Abstract: SA-PO011
Natural Language Processing for Extracting Kidney Biopsy Pathology Diagnoses: The Houston Methodist Hospital Kidney Biopsy Registry
Session Information
- Augmented Intelligence, Large Language Models, and Digital Health
October 26, 2024 | Location: Exhibit Hall, Convention Center
Abstract Time: 10:00 AM - 12:00 PM
Category: Augmented Intelligence, Digital Health, and Data Science
- 300 Augmented Intelligence, Digital Health, and Data Science
Authors
- Bobart, Shane A., Houston Methodist Hospital, Houston, Texas, United States
- Hsu, Enshuo, Houston Methodist Hospital, Houston, Texas, United States
- Truong, Luan D., Houston Methodist Hospital, Houston, Texas, United States
- Waterman, Amy D., Houston Methodist Hospital, Houston, Texas, United States
- Jones, Stephen L., Houston Methodist Hospital, Houston, Texas, United States
- Shafi, Tariq, Houston Methodist Hospital, Houston, Texas, United States
Background
Kidney biopsy reports provide detailed description of kidney pathology, but the diagnosis is not captured as searchable, discrete data in electronic health records (EHR) requiring labor-intensive manual review and abstraction. We sought to use Natural Language Processing (NLP) to extract kidney biopsy pathology diagnoses as an initial step to create an automatically updated Houston Methodist Hospital Kidney Biopsy Registry (HM-KBR).
Methods
We identified 3,087 native kidney biopsies (2,700 patients) from June 2016 to December 2023. We extracted 1000 native kidney biopsy reports in PDF format from the Epic EHR. A domain expert (SAB) manually annotated the primary diagnosis in the 1000 reports and a renal pathologist (LT) validated 20% (n=200). We processed the PDFs into machine-readable free text with SQL server (database management software) and Python (programming language). We split the biopsy reports into a training set (80%) and used the bidirectional encoder representations from transformers (BERT) NLP model to extract primary diagnoses. We evaluated the NLP model performance in a stand-alone test set (20%).
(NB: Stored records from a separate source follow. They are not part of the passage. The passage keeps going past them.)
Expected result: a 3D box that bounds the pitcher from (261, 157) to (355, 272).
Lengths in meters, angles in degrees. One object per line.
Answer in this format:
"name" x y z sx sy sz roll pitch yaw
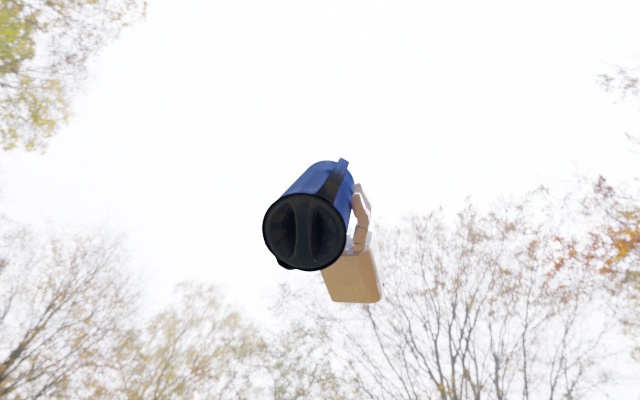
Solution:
"pitcher" 0.000 0.003 0.826 0.149 0.145 0.242 -14 18 16

The evaluation metrics included precision (false positive rate), recall (false negative rate), F1 score (harmonic mean of precision and recall, ranging 0 to 1, with 1 implying perfect model performance) and AUROC (overall performance, 1.0 is best). Due to the preliminary size of the training set, we limited the diagnosis types to those present in at least 20 reports for the evaluation metrics.
Results
The median age was 57 years, 50% were female, 28% Black and 23% Hispanic. The agreement between the two reviewers in the validation sample was assessed by Cohen’s kappa statistic (0.76; excellent). The NLP extracted diagnoses showed an F1 score of 0.66 and AUROC of 0.93 (Table 1).
Conclusion
Our preliminary data shows an accurate and scalable NLP based model to extract the primary diagnosis from free text kidney biopsy pathology reports.